Im Rahmen des „2. Hessischen Transferforums“ informierten sich Wissenschaftsministerin Eva Kühne-Hörmann und Wirtschaftsminister Florian Rentsch zum Jahresende 2012 im Darmstädter Wissenschafts- und Kongresszentrum über technologieorientierte Modellprojekte, die sie als wichtige Triebfedern der wirtschaftlichen Entwicklung des Landes Hessen einschätzen. Dazu gehört auch das Forschungsvorhaben des Bensheimer Unternehmens Socratec Engineering and Services UG, das vom Land Hessen und vom Europäischen Fonds für Regionale Entwicklung (EFRE) gefördert wird.
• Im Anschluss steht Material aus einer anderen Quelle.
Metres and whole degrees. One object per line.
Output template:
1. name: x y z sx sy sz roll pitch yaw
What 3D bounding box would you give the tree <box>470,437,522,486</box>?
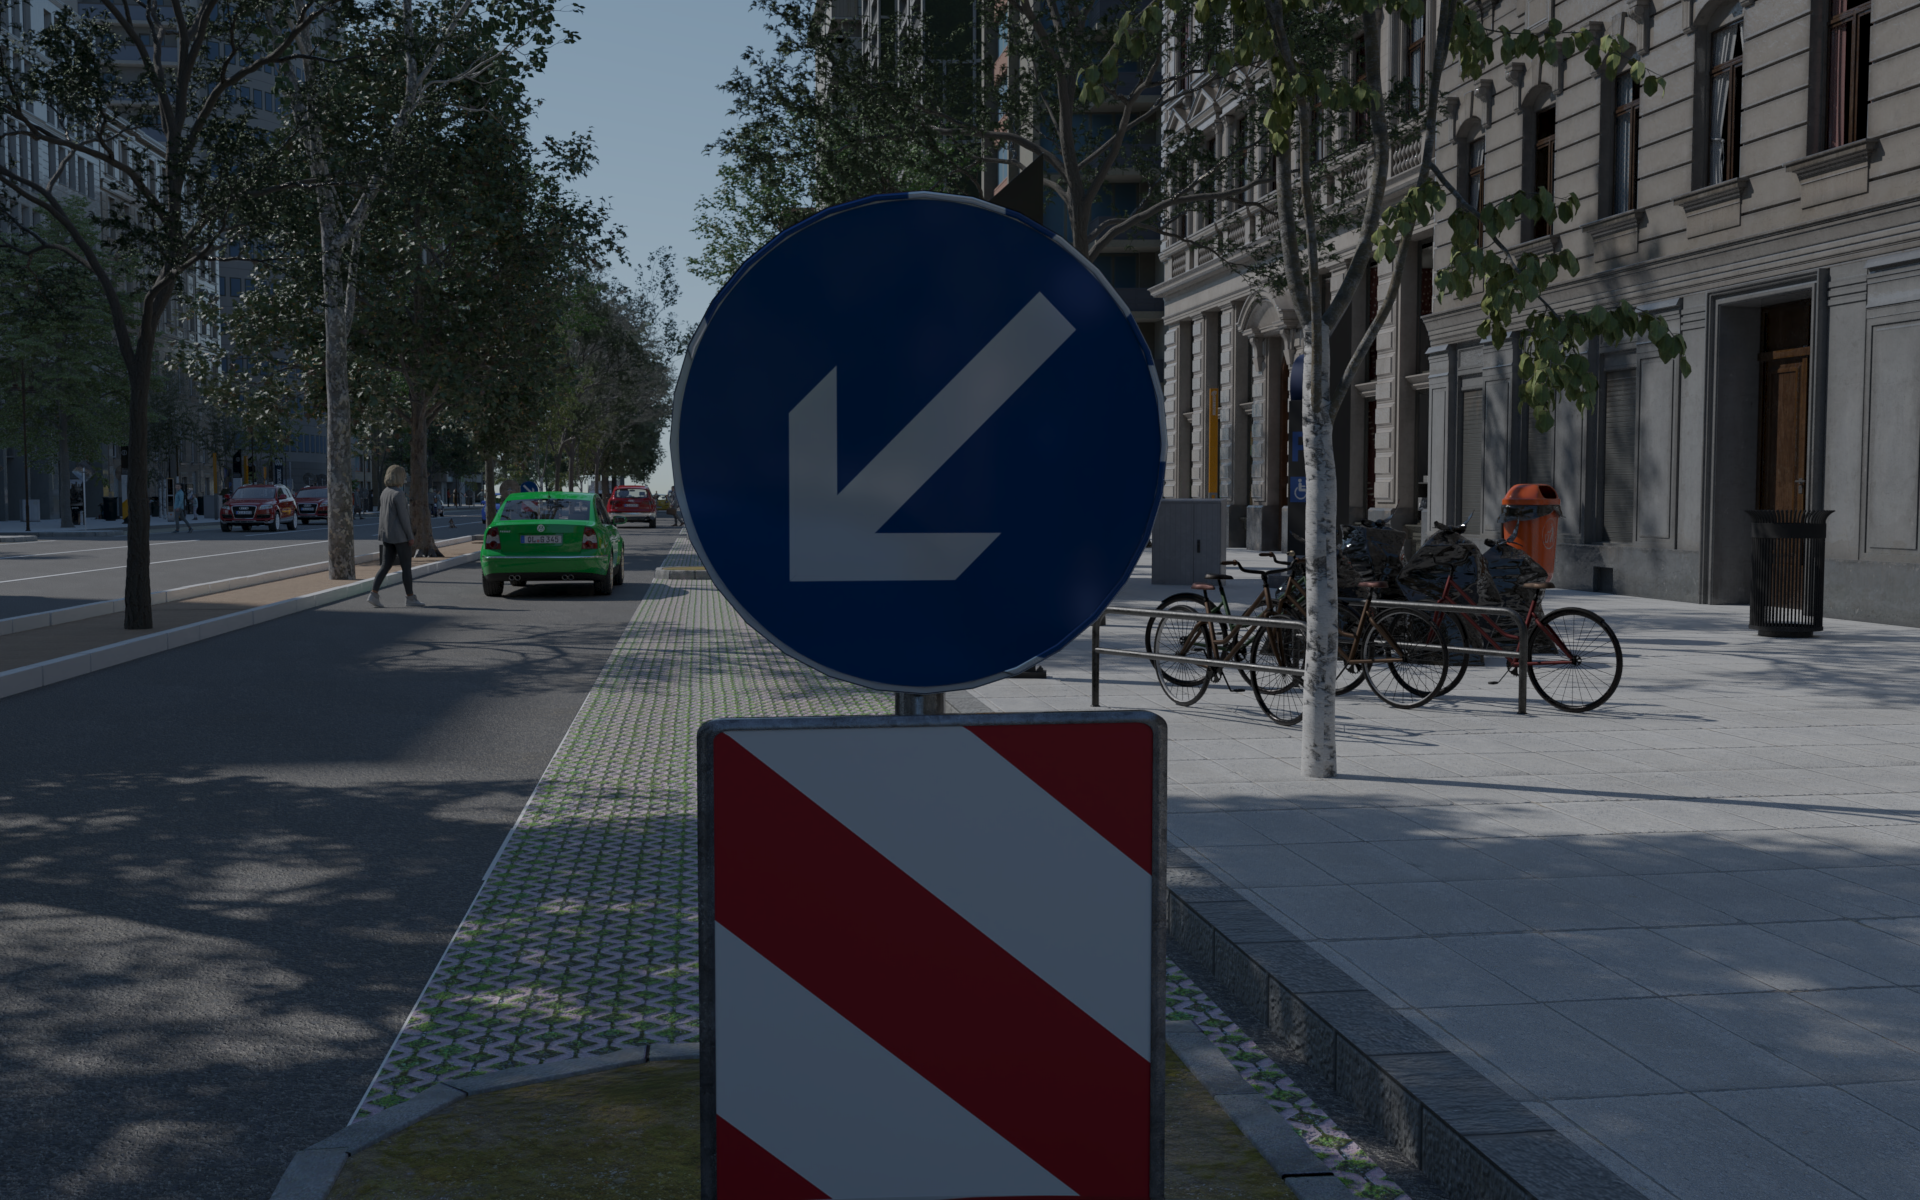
1. tree: -54.401 -18.393 207.375 9.857 13.997 8.962 0 3 0

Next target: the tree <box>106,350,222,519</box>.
1. tree: -40.209 -8.385 87.462 4.360 8.622 3.978 0 3 0

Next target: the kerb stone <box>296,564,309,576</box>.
1. kerb stone: -11.637 -0.500 30.389 0.120 0.150 1.000 -1 4 -8

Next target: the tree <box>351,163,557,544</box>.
1. tree: -13.577 -7.424 49.594 9.928 11.665 9.643 0 3 0

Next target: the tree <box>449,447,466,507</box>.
1. tree: -49.763 -13.819 176.305 4.737 8.622 4.395 0 3 0

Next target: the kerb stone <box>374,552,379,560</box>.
1. kerb stone: -12.692 -0.936 37.501 0.120 0.150 1.000 -1 4 -8

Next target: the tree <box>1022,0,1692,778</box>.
1. tree: 1.519 -3.490 7.432 4.737 8.622 4.395 0 3 0

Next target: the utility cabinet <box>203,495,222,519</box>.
1. utility cabinet: -39.281 -4.889 91.102 1.020 1.237 0.306 1 4 21

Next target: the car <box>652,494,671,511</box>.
1. car: -23.116 -7.524 133.241 2.015 1.641 3.980 0 4 -7

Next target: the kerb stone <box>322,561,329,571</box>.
1. kerb stone: -11.941 -0.625 32.419 0.120 0.150 1.000 -1 4 -8

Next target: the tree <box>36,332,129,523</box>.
1. tree: -39.273 -7.783 77.620 4.737 8.622 4.395 0 3 0

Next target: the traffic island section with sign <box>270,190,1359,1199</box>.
1. traffic island section with sign: -0.260 0.341 3.047 1.989 1.847 2.006 -1 4 -8

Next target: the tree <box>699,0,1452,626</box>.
1. tree: 0.944 -5.030 16.651 7.601 10.594 8.767 0 4 0

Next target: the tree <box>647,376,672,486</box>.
1. tree: -23.728 -12.179 118.587 9.611 12.733 9.660 0 3 0

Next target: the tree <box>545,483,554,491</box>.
1. tree: -64.800 -17.108 274.312 1.663 3.219 1.824 0 3 0

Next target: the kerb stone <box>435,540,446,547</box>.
1. kerb stone: -14.048 -1.489 46.620 0.120 0.150 1.000 -1 4 -8

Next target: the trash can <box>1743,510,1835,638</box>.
1. trash can: 7.462 -0.243 15.623 0.748 1.137 0.748 0 3 0

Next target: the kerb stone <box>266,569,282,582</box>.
1. kerb stone: -11.336 -0.377 28.362 0.120 0.150 1.000 -1 4 -8

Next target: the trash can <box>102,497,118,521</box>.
1. trash can: -40.635 -4.353 82.828 0.748 1.137 0.748 0 3 0

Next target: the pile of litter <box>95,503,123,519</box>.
1. pile of litter: -43.338 -4.529 88.013 1.719 0.858 1.176 2 4 24

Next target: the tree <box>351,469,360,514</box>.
1. tree: -40.281 -7.305 114.033 1.663 3.219 1.824 0 3 0

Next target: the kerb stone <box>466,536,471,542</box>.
1. kerb stone: -14.815 -1.804 51.695 0.120 0.150 1.000 -1 4 -8

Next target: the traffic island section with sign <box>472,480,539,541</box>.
1. traffic island section with sign: -14.133 -2.813 54.125 2.006 1.907 1.989 -1 4 -8

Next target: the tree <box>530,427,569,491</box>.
1. tree: -62.457 -20.891 259.701 7.486 12.596 7.792 0 3 0

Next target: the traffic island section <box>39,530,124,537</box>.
1. traffic island section: -30.120 -2.282 59.590 2.009 0.180 2.903 -1 4 -8

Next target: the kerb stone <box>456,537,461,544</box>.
1. kerb stone: -14.507 -1.680 49.661 0.120 0.150 1.000 -1 4 -8

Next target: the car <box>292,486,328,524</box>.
1. car: -30.571 -4.512 82.450 2.281 1.827 5.304 -1 4 -10

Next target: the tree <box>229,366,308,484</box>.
1. tree: -38.313 -8.884 95.619 4.737 8.622 4.395 0 3 0

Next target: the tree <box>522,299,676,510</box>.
1. tree: -22.142 -12.173 108.135 9.857 13.997 8.962 0 3 0

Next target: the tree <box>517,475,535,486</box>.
1. tree: -57.565 -14.967 228.423 4.285 4.588 4.351 0 3 0

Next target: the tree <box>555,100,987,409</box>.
1. tree: -3.131 -7.221 43.818 9.928 11.665 9.643 0 3 0

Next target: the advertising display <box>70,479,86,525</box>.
1. advertising display: -36.559 -4.059 71.581 0.974 1.923 0.123 1 4 20

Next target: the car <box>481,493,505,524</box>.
1. car: -22.383 -4.599 84.787 1.945 1.707 3.694 -1 4 -8

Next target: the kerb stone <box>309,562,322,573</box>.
1. kerb stone: -11.784 -0.563 31.401 0.120 0.150 1.000 -1 4 -8

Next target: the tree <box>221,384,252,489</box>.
1. tree: -45.532 -9.577 106.950 4.360 8.622 3.978 0 3 0

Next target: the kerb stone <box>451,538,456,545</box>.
1. kerb stone: -14.353 -1.618 48.647 0.120 0.150 1.000 -1 4 -8

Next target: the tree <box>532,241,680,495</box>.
1. tree: -17.848 -10.174 79.178 12.009 13.543 11.850 0 3 0

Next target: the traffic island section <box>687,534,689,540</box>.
1. traffic island section: -7.636 -1.992 54.847 2.009 0.180 2.903 -1 4 -8

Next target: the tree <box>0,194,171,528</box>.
1. tree: -34.017 -9.016 65.541 7.486 12.596 7.792 0 3 0

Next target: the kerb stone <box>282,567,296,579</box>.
1. kerb stone: -11.486 -0.436 29.373 0.120 0.150 1.000 -1 4 -8

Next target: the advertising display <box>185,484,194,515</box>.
1. advertising display: -48.502 -6.350 109.035 0.123 1.923 0.974 0 4 -1

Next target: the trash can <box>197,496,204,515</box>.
1. trash can: -45.673 -5.669 104.347 0.748 1.137 0.748 0 3 0

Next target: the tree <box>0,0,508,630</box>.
1. tree: -8.659 -4.940 17.645 8.767 10.594 7.601 -1 4 -8

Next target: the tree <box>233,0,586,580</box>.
1. tree: -8.985 -10.354 27.632 12.611 20.169 13.585 0 3 0

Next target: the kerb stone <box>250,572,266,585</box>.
1. kerb stone: -11.186 -0.306 27.351 0.120 0.150 1.000 -1 4 -8

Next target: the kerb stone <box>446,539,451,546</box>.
1. kerb stone: -14.208 -1.555 47.630 0.120 0.150 1.000 -1 4 -8

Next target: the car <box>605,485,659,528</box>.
1. car: -14.045 -4.008 74.212 2.281 1.827 5.304 -1 4 -10

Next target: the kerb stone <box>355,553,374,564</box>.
1. kerb stone: -12.546 -0.874 36.478 0.120 0.150 1.000 -1 4 -8

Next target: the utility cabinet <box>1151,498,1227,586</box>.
1. utility cabinet: 3.229 -0.813 24.453 1.020 1.237 0.306 2 4 26

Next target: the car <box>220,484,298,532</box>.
1. car: -27.190 -3.584 67.279 2.281 1.827 5.304 -1 4 -9

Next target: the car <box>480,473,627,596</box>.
1. car: -5.993 -1.039 25.785 1.959 1.807 4.718 0 4 -7

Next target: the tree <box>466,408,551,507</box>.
1. tree: -15.238 -6.719 62.678 4.737 8.622 4.395 0 3 0

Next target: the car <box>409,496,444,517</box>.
1. car: -33.760 -5.936 109.635 1.945 1.354 3.894 -1 4 -8

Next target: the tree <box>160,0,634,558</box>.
1. tree: -12.181 -7.293 38.699 9.611 12.733 9.660 0 3 0

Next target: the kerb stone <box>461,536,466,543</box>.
1. kerb stone: -14.660 -1.739 50.672 0.120 0.150 1.000 -1 4 -8

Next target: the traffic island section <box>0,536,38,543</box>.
1. traffic island section: -28.944 -1.799 51.691 2.009 0.180 2.903 -1 4 -8

„SocraFlite ist eine Software, die Luft-Fracht identifizieren und ihre aktuelle GPS-Position an ein Kontrollzentrum über das Mobilfunknetz schicken wird“, erklärt Hanns-Christian Wüstner, Geschäftsführer der Socratec Engineering and Services UG. Mit dieser Software kann von jedem Standort der Welt über eine hochsichere Internetverbindung auf die übermittelten Daten der Container, Paletten oder Pakete zugegriffen werden und deren aktuelle Position sowie Transportweghistorie angezeigt werden. „Innovativ ist die technische Problemlösung, weil sie eine Kombination aus GPS/GSM-Modul, Antennentechnik, Sensortechnik zur automatischen Batterieschonung sowie entsprechende Batterietechnik enthält, um den spezifischen Anforderungen des Luftfahrtsektors gerecht zu werden“, fährt der Projektleiter fort. Die Socratec Engineering and Services UG strebt mit diesem GPS-basierten Ortungsmodul die Technologieführerschaft auf dem Weltmarkt an.
Das SocraFlite-Ortungssystem wird im ersten Halbjahr 2013 verfügbar sein, die zu überwindenden technischen Hürden sind nahezu vollständig gemeistert. Die zweite Gerätegeneration ist seit Mitte Januar 2013 zu vergleichenden Tests in einem ESA-Lufttransport unterwegs.

Der gelernte Diplom-Wirtschaftsingenieur Hanns-Christian Wüstner konzentriert sich auch mit dem neusten Produkt Socraflite auf kundenspezifische Anforderungen und setzt diese konsequent in entsprechende Technologiekonzepte um: „SocraFlite wird speziell für Luftfrachtunternehmen, Airlines und Containervermieter und deren professionelle Ansprüche entwickelt. Denn hier werden die Anforderungen an Sicherheit und Transparenz wegen der unumgänglichen Effizienzsteigerung und Kosteneinsparung und natürlich der international angestrebten strengeren Sicherheitsstandards immer höher.“

Das SocraFlite-Projekt wird im Rahmen von Hessen ModellProjekte als KMU-Modell- und Pilotprojekt (MPP) sowie von der ESA gefördert. Die Kommunikation während der Produktentwicklung wird von der auf Innovationen spezialisierten Agentur s4i in Darmstadt übernommen. Als weiterer starker Partner steht das Centrum für Satellitennavigation Hessen (Cesah GmbH) während des Entwicklungsprozesses zur Seite.